Still, the ever-pulsing glow doesn’t let me forget that it’s there. Just one touch away.

“What’s wrong? What’s happened?” he asks breathlessly. His eyes are wide as he takes in the room.

“It’s gone,” I say, my voice strangely hoarse, as though being this close to the gold has strained that too.

“What’s gone?” The words echo hollowly around the room. He takes a hesitant step forward. He must’ve taken the same staircase I did. Bloody footprints trail behind him.

“My father’s gold.”

“We’ll alert the palace guard. The thieves can’t have gotten far. Come on.” He reaches out to me.

“No.” I answer as much to his statement as to his waiting hand. I’m afraid to step closer to him. Not with the table so close.

“Why not?”

I take a steadying breath. We’d never told anyone outside the family about my . . . ability. My curse. Most people have realized something was off about me, something more than just my gold skin. But we never confirmed it. Uncle Pheus always said it was better to let them wonder, to dream up their own ideas, than for us to confirm any weakness.

And yet, I feel that if anyone is going to understand my family’s curse, it will be Aris. There is nothing else to lose anyway.

“The gold my father . . . created was stored in this room.” The dingy space looks even dimmer with just one large gold table in the middle. Spider webs cling to the corners of the rafters. Oddly, none lace their way around the table legs, as if even the spiders are afraid to touch the gold.

“All of it?”

I nod. The whole reason my father had wanted The Touch in the first place was because the treasury was nearly empty, and he knew war was on the horizon. But he hadn’t turned many things to gold before turning me to gold, after which he’d refused to touch anything.

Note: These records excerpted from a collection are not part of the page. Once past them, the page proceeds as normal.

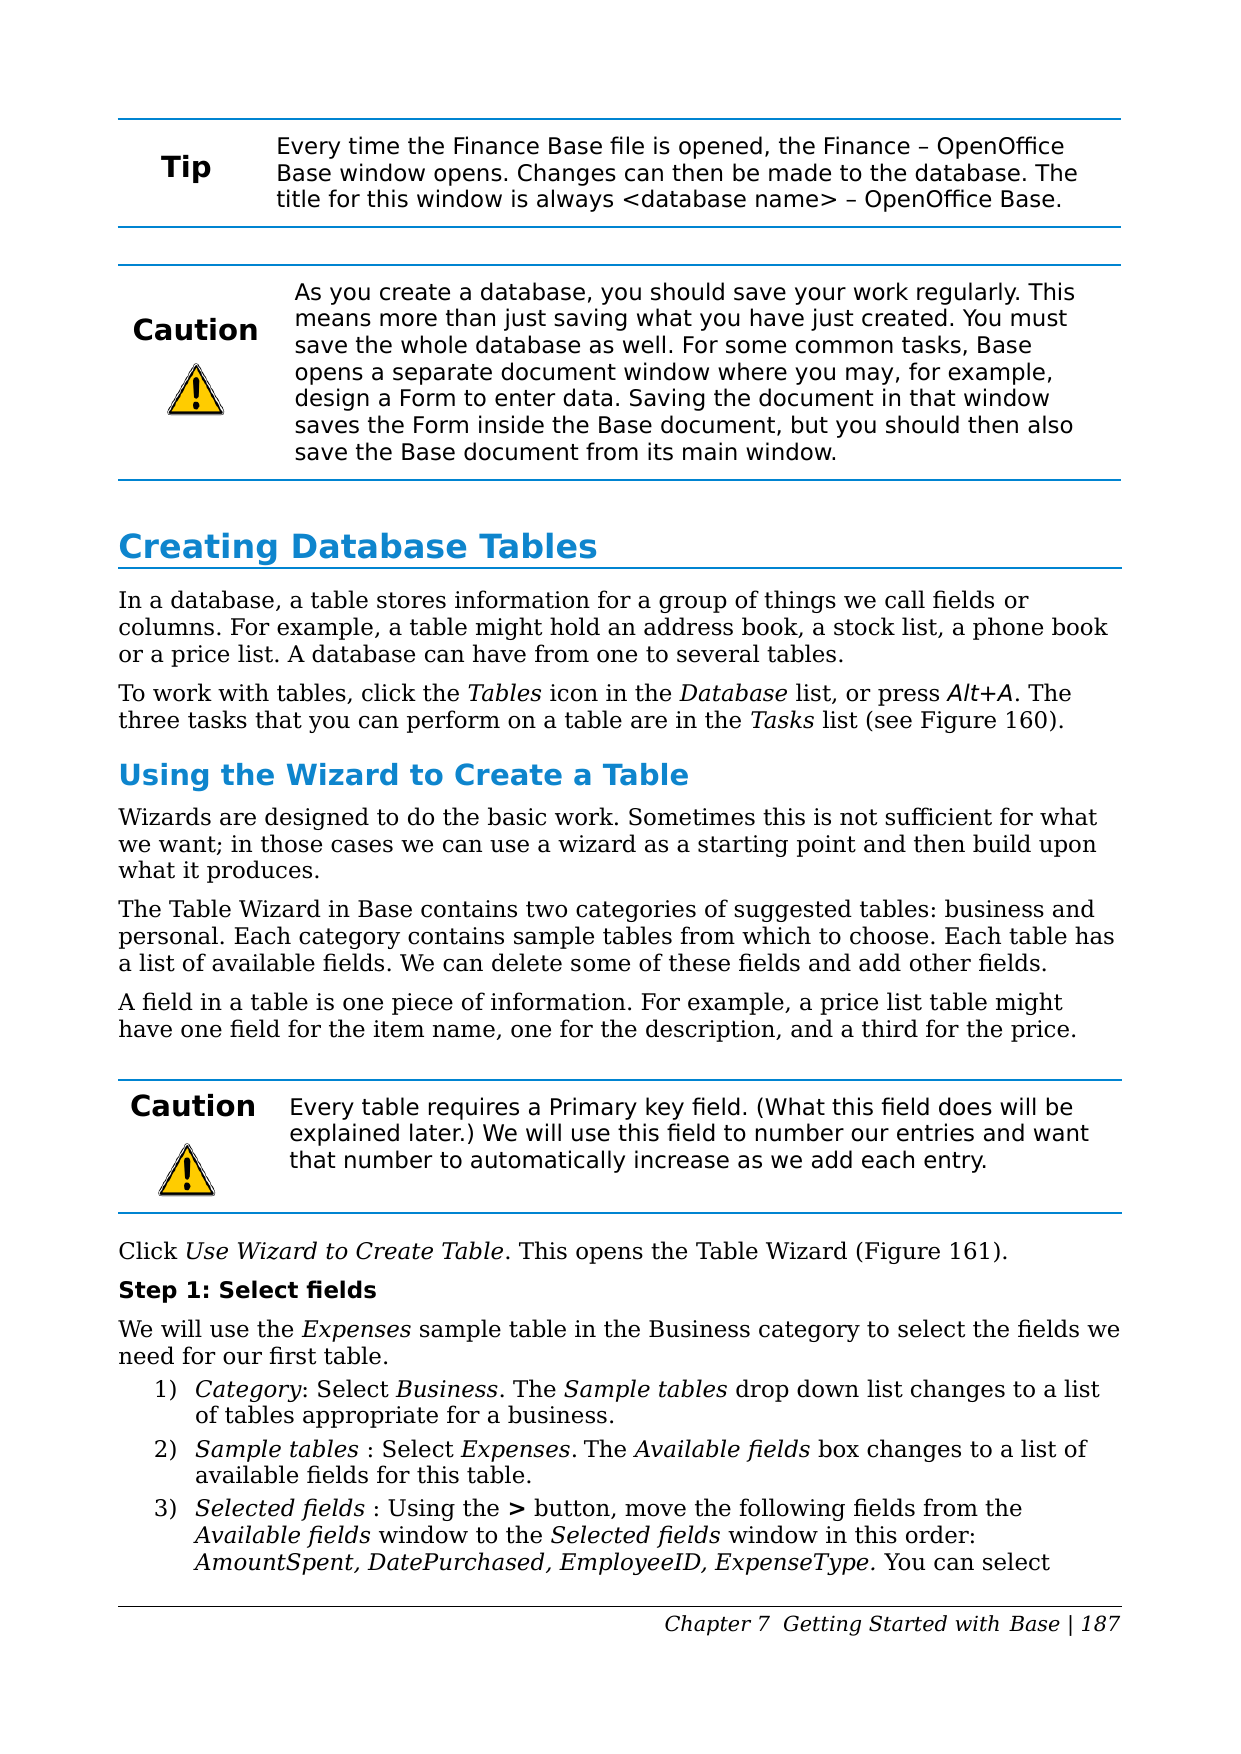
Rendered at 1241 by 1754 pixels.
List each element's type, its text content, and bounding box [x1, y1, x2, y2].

subtitle Creating Database Tables [118, 528, 1122, 567]
picture [154, 1139, 219, 1200]
table_header As you create a database, you should save your work regularly. This means more than just saving what you have just created. You must save the whole database as well. For some common tasks, Base opens a separate document window where you may, for example, design a Form to enter data. Saving the document in that window saves the Form inside the Base document, but you should then also save the Base document from its main window. [273, 266, 1121, 478]
list Category: Select Business. The Sample tables drop down list changes to a list of tables appropriate for a business. [177, 1376, 1122, 1429]
table_header Tip [118, 120, 255, 226]
subtitle Using the Wizard to Create a Table [118, 758, 1122, 792]
text Wizards are designed to do the basic work. Sometimes this is not sufficient for what we want; in those cases we can use a wizard as a starting point and then build upon what it produces. [118, 804, 1122, 884]
text In a database, a table stores information for a group of things we call fields or columns. For example, a table might hold an address book, a stock list, a phone book or a price list. A database can have from one to several tables. [118, 588, 1122, 668]
text To work with tables, click the Tables icon in the Database list, or press Alt+A. The three tasks that you can perform on a table are in the Tasks list (see Figure 160). [118, 680, 1122, 733]
list Selected fields : Using the > button, move the following fields from the Available fields window to the Selected fields window in this order: AmountSpent, DatePurchased, EmployeeID, ExpenseType. You can select [177, 1495, 1122, 1575]
list We will use the Expenses sample table in the Business category to select the fields we need for our first table. [118, 1316, 1122, 1369]
text Step 1: Select fields [118, 1277, 1122, 1304]
list Sample tables : Select Expenses. The Available fields box changes to a list of available fields for this table. [177, 1436, 1122, 1489]
table_header Caution [118, 266, 273, 478]
table_header Caution [118, 1081, 268, 1212]
table_header Every time the Finance Base file is opened, the Finance – OpenOffice Base window opens. Changes can then be made to the database. The title for this window is always <database name> – OpenOffice Base. [255, 120, 1121, 226]
text A field in a table is one piece of information. For example, a price list table might have one field for the item name, one for the description, and a third for the price. [118, 989, 1122, 1042]
picture [163, 359, 228, 419]
table_header Every table requires a Primary key field. (What this field does will be explained later.) We will use this field to number our entries and want that number to automatically increase as we add each entry. [268, 1081, 1122, 1212]
text Click Use Wizard to Create Table. This opens the Table Wizard (Figure 161). [118, 1238, 1122, 1264]
text The Table Wizard in Base contains two categories of suggested tables: business and personal. Each category contains sample tables from which to choose. Each table has a list of available fields. We can delete some of these fields and add other fields. [118, 897, 1122, 977]
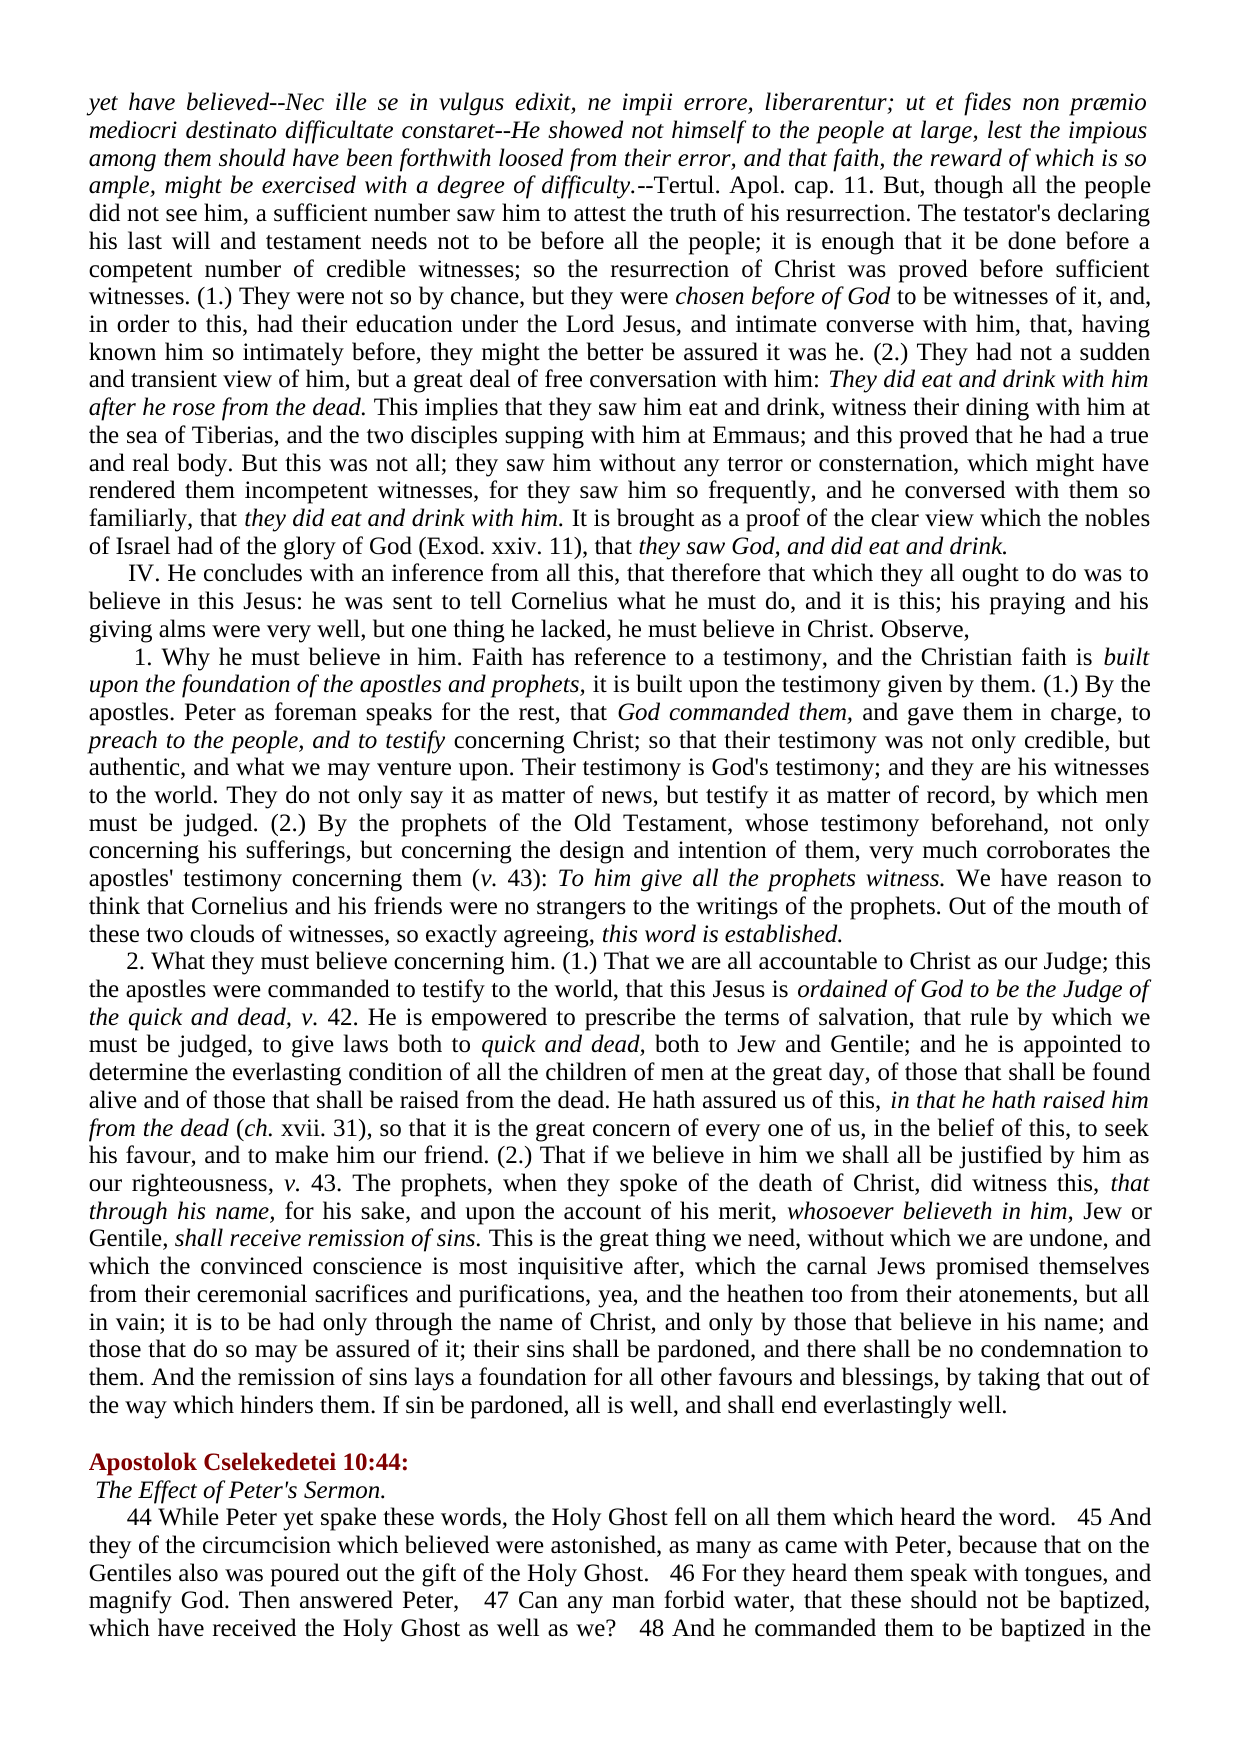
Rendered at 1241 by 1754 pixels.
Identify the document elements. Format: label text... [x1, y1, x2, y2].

text 2. What they must believe concerning him. (1.) That we are all accountable to Christ as our Judge; this the apostles were commanded to testify to the world, that this Jesus is ordained of God to be the Judge of the quick and dead, v. 42. He is empowered to prescribe the terms of salvation, that rule by which we must be judged, to give laws both to quick and dead, both to Jew and Gentile; and he is appointed to determine the everlasting condition of all the children of men at the great day, of those that shall be found alive and of those that shall be raised from the dead. He hath assured us of this, in that he hath raised him from the dead (ch. xvii. 31), so that it is the great concern of every one of us, in the belief of this, to seek his favour, and to make him our friend. (2.) That if we believe in him we shall all be justified by him as our righteousness, v. 43. The prophets, when they spoke of the death of Christ, did witness this, that through his name, for his sake, and upon the account of his merit, whosoever believeth in him, Jew or Gentile, shall receive remission of sins. This is the great thing we need, without which we are undone, and which the convinced conscience is most inquisitive after, which the carnal Jews promised themselves from their ceremonial sacrifices and purifications, yea, and the heathen too from their atonements, but all in vain; it is to be had only through the name of Christ, and only by those that believe in his name; and those that do so may be assured of it; their sins shall be pardoned, and there shall be no condemnation to them. And the remission of sins lays a foundation for all other favours and blessings, by taking that out of the way which hinders them. If sin be pardoned, all is well, and shall end everlastingly well. [88, 947, 1152, 1418]
text yet have believed--Nec ille se in vulgus edixit, ne impii errore, liberarentur; ut et fides non præmio mediocri destinato difficultate constaret--He showed not himself to the people at large, lest the impious among them should have been forthwith loosed from their error, and that faith, the reward of which is so ample, might be exercised with a degree of difficulty.--Tertul. Apol. cap. 11. But, though all the people did not see him, a sufficient number saw him to attest the truth of his resurrection. The testator's declaring his last will and testament needs not to be before all the people; it is enough that it be done before a competent number of credible witnesses; so the resurrection of Christ was proved before sufficient witnesses. (1.) They were not so by chance, but they were chosen before of God to be witnesses of it, and, in order to this, had their education under the Lord Jesus, and intimate converse with him, that, having known him so intimately before, they might the better be assured it was he. (2.) They had not a sudden and transient view of him, but a great deal of free conversation with him: They did eat and drink with him after he rose from the dead. This implies that they saw him eat and drink, witness their dining with him at the sea of Tiberias, and the two disciples supping with him at Emmaus; and this proved that he had a true and real body. But this was not all; they saw him without any terror or consternation, which might have rendered them incompetent witnesses, for they saw him so frequently, and he conversed with them so familiarly, that they did eat and drink with him. It is brought as a proof of the clear view which the nobles of Israel had of the glory of God (Exod. xxiv. 11), that they saw God, and did eat and drink. [88, 88, 1152, 559]
text IV. He concludes with an inference from all this, that therefore that which they all ought to do was to believe in this Jesus: he was sent to tell Cornelius what he must do, and it is this; his praying and his giving alms were very well, but one thing he lacked, he must believe in Christ. Observe, [88, 559, 1152, 643]
text Apostolok Cselekedetei 10:44: [88, 1448, 1152, 1476]
text 1. Why he must believe in him. Faith has reference to a testimony, and the Christian faith is built upon the foundation of the apostles and prophets, it is built upon the testimony given by them. (1.) By the apostles. Peter as foreman speaks for the rest, that God commanded them, and gave them in charge, to preach to the people, and to testify concerning Christ; so that their testimony was not only credible, but authentic, and what we may venture upon. Their testimony is God's testimony; and they are his witnesses to the world. They do not only say it as matter of news, but testify it as matter of record, by which men must be judged. (2.) By the prophets of the Old Testament, whose testimony beforehand, not only concerning his sufferings, but concerning the design and intention of them, very much corroborates the apostles' testimony concerning them (v. 43): To him give all the prophets witness. We have reason to think that Cornelius and his friends were no strangers to the writings of the prophets. Out of the mouth of these two clouds of witnesses, so exactly agreeing, this word is established. [88, 643, 1152, 947]
text The Effect of Peter's Sermon. [88, 1476, 1152, 1503]
text 44 While Peter yet spake these words, the Holy Ghost fell on all them which heard the word. 45 And they of the circumcision which believed were astonished, as many as came with Peter, because that on the Gentiles also was poured out the gift of the Holy Ghost. 46 For they heard them speak with tongues, and magnify God. Then answered Peter, 47 Can any man forbid water, that these should not be baptized, which have received the Holy Ghost as well as we? 48 And he commanded them to be baptized in the [88, 1503, 1152, 1642]

“Surely your father can survive without a few gold pieces.” Aris runs his fingers across the top of the table, leaving trails in the dust.

I shiver.

“That’s just it,” I force out, dragging my gaze away from the gold. “He can’t. Dionysus was very specific after my father begged to be released from the curse. The god told him to take everything that had been touched down to the spot where the river met the ocean to be washed before the sun set on that very day.”

I’d so often heard my father and uncle repeating the words Dionysus had said to them: “Make sure everything gets washed as I instructed, or there could be unhappy consequences. For my gifts take on a will of their own sometimes, and if it’s not fully cleansed, especially from humans, well, sometimes they find their own ways of surviving.”

“My father bathed in the water,” I recount to Aris, “and had me carted down as well. My skin turned back to normal, and after that, he forgot about the other objects.” I ignore the memory trying to surface of suddenly finding myself underwater and a halo of white light shining through the deep blue water as I sputtered back to life.

“My skin was gold again at sunset.” I shudder, remembering how I thought I was turning back into a statue. My skin never hardened—it just took on its awful hue. “And the next day, my father started showing his first signs of weakness,” I continue. “He’d lost the ability to turn things to gold, but everything he’d already turned was still enchanted, still contained a piece of him.”